A 31-year-old former Nagoya Prison inmate who was allegedly abused by guards last year during his incarceration says he still suffers physical aftereffects as well as trauma from the violence.
The man’s case, along with that of a 49-year-old inmate who was fatally abused at the same prison in May 2002, triggered intense public concerns over the human rights situation inside the nation’s penitentiaries, prompting the Justice Ministry to form a panel of experts to probe the issue and to pledge sweeping correctional policy reforms.
The man, now released, took part in a public symposium Monday in Tokyo. Although he wants to remain anonymous, he did not hide his face; organizers asked the media not to photograph him.
Last October, Nagoya Prison admitted the man sustained severe abdominal injuries the previous month and another inmate had died from such wounds in May 2002 after guards constrained them with a controversial leather restraint that includes handcuffs and a tight cinch around the stomach.
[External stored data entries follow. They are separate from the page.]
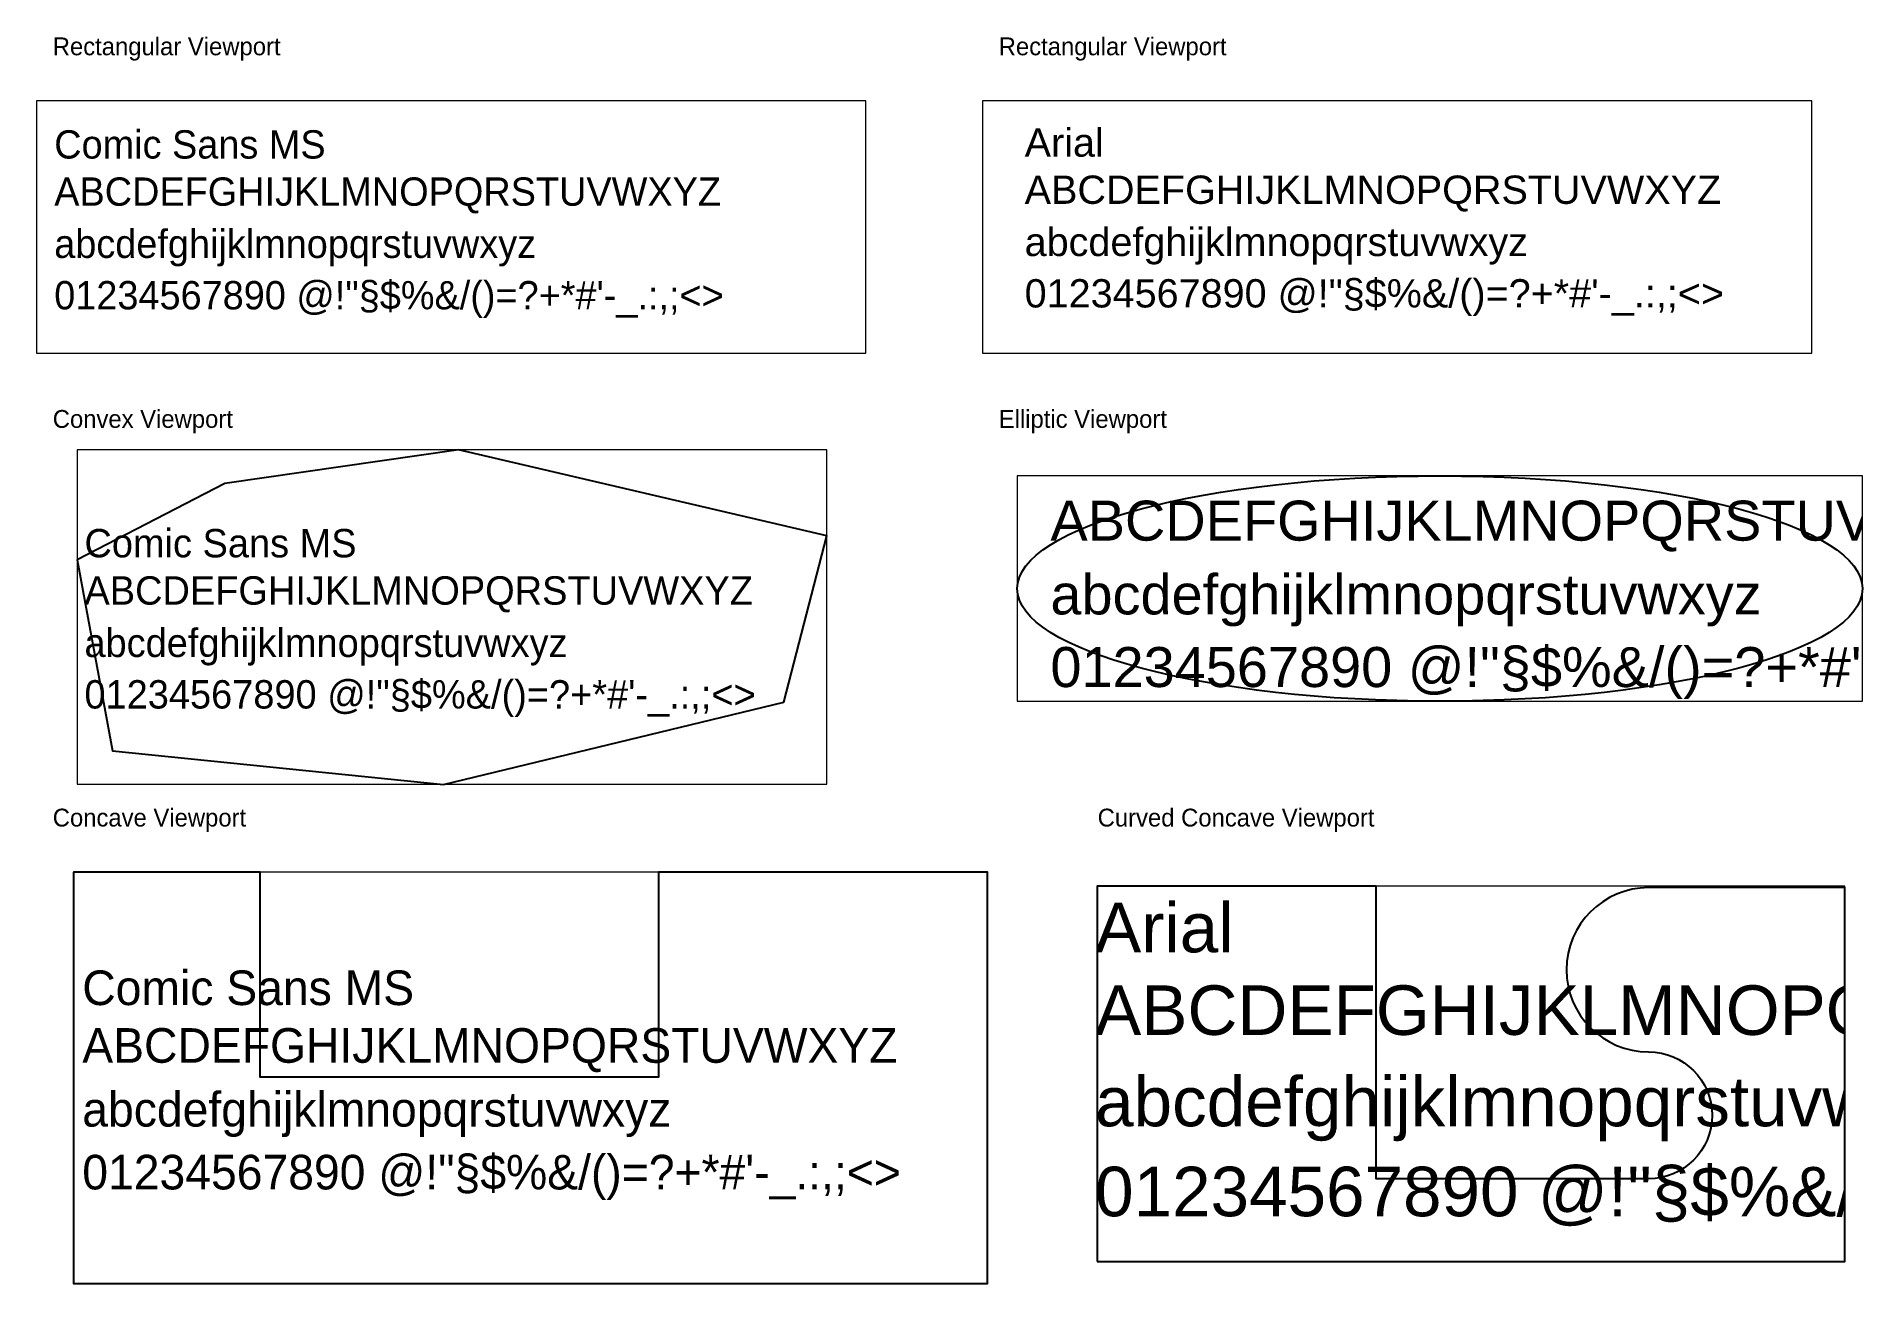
# Paper-space layout 'Layout1' of a CAD drawing. Header units: metres. Extents: x -4 to 252, y 5 to 180.
# The model-space entities are those that its viewports show. They can reach past a viewport. Long polylines and large blocks are cut down to what shows.
import ezdxf

# ---------------------------------------------------------------- set-up
doc = ezdxf.new("R2010")
doc.units = ezdxf.units.M
doc.styles.add('textstyle3', font='comic.ttf')
doc.styles.add('textstyle4', font='arial.ttf')

msp = doc.modelspace()

# ---------------------------------------------------------------- texts
for s, style, p in [('Comic Sans MS', 'textstyle3', (170.863, 236.503)), ('Arial', 'textstyle4', (251.263, 236.503)), ('ABCDEFGHIJKLMNOPQRSTUVWXYZ', 'textstyle3', (170.863, 232.337)), ('ABCDEFGHIJKLMNOPQRSTUVWXYZ', 'textstyle4', (251.263, 232.337)), ('abcdefghijklmnopqrstuvwxyz', 'textstyle3', (170.863, 227.727)), ('abcdefghijklmnopqrstuvwxyz', 'textstyle4', (251.263, 227.727)), ('01234567890 @!"§$%&/()=?+*#\'-_.:,;<>', 'textstyle3', (170.863, 223.187)), ('01234567890 @!"§$%&/()=?+*#\'-_.:,;<>', 'textstyle4', (251.263, 223.187))]:
    msp.add_text(s, height=2.5, dxfattribs=dict(style=style)).set_placement(p)

psp = doc.layouts.get("Layout1")

# ---------------------------------------------------------------- linework, layer by layer
for points in [[(22.21, 117.17), (1.49, 106.42), (6.47, 79.66), (52.89, 74.94), (100.63, 86.48), (106.66, 109.83), (54.99, 121.89)], [(0.97, 62.62), (0.97, 4.92), (129.22, 4.92), (129.22, 62.62), (83.04, 62.62), (83.04, 33.85), (27.19, 33.85), (27.19, 62.62)]]:
    psp.add_lwpolyline(points, close=True)
psp.add_lwpolyline([(144.6, 8), (249.5, 8), (249.5, 60.45), (221.96, 60.45, 1), (221.96, 37.41, -1), (221.96, 19.61), (183.75, 19.61), (183.75, 60.64), (144.6, 60.64)], format="xyb", close=True)
psp.add_ellipse((192.68, 102.41), major_axis=(-59.29, 0), ratio=0.266561)

# ---------------------------------------------------------------- texts
at = {"style": 'textstyle3'}
for s, p in [('Rectangular Viewport', (-1.92, 177.23)), ('Rectangular Viewport', (130.79, 177.23)), ('Convex Viewport', (-1.92, 124.96)), ('Elliptic Viewport', (130.79, 124.96)), ('Concave Viewport', (-1.92, 69.03)), ('Curved Concave Viewport', (144.67, 69.03))]:
    psp.add_text(s, height=2.5, dxfattribs=at).set_placement(p)

# ---------------------------------------------------------------- viewports
at = {"layer": '0'}
psp.add_viewport(center=(53.98, 153.15), size=(116.37, 35.4019), view_center_point=(205.919, 230.467), view_height=22.28346, dxfattribs=at)
for center, size, view_center_point, view_height, status in [((186.69, 153.15), (116.37, 35.4019), (284.159, 230.302), 22.28346, 5), ((54.08, 98.42), (105.17, 46.9463), (203.23, 231.249), 29.47347, 3), ((192.68, 102.41), (118.58, 31.6078), (275.603, 229.342), 14.08056, 6), ((65.09, 33.77), (128.25, 57.6994), (203.23, 231.249), 29.70547, 4), ((197.05, 34.32), (104.91, 52.6413), (270.23, 230.37), 18.93272, 7)]:
    psp.add_viewport(center=center, size=size, view_center_point=view_center_point, view_height=view_height, status=status, dxfattribs=at)

doc.saveas('drawing.dxf')

Shortly after these abuses were revealed, it was learned that another inmate at the prison was killed in December 2001 by guards who sprayed a high-pressure fire hose in his anus.
These abuses led to eight guards being put on trial.
During the symposium, organized by the Japan Federation of Bar Associations and local associations in Tokyo, the man said he still suffers intestinal obstructions caused by the repeated use of the leather device, which the guards had tightly cinched as punishment.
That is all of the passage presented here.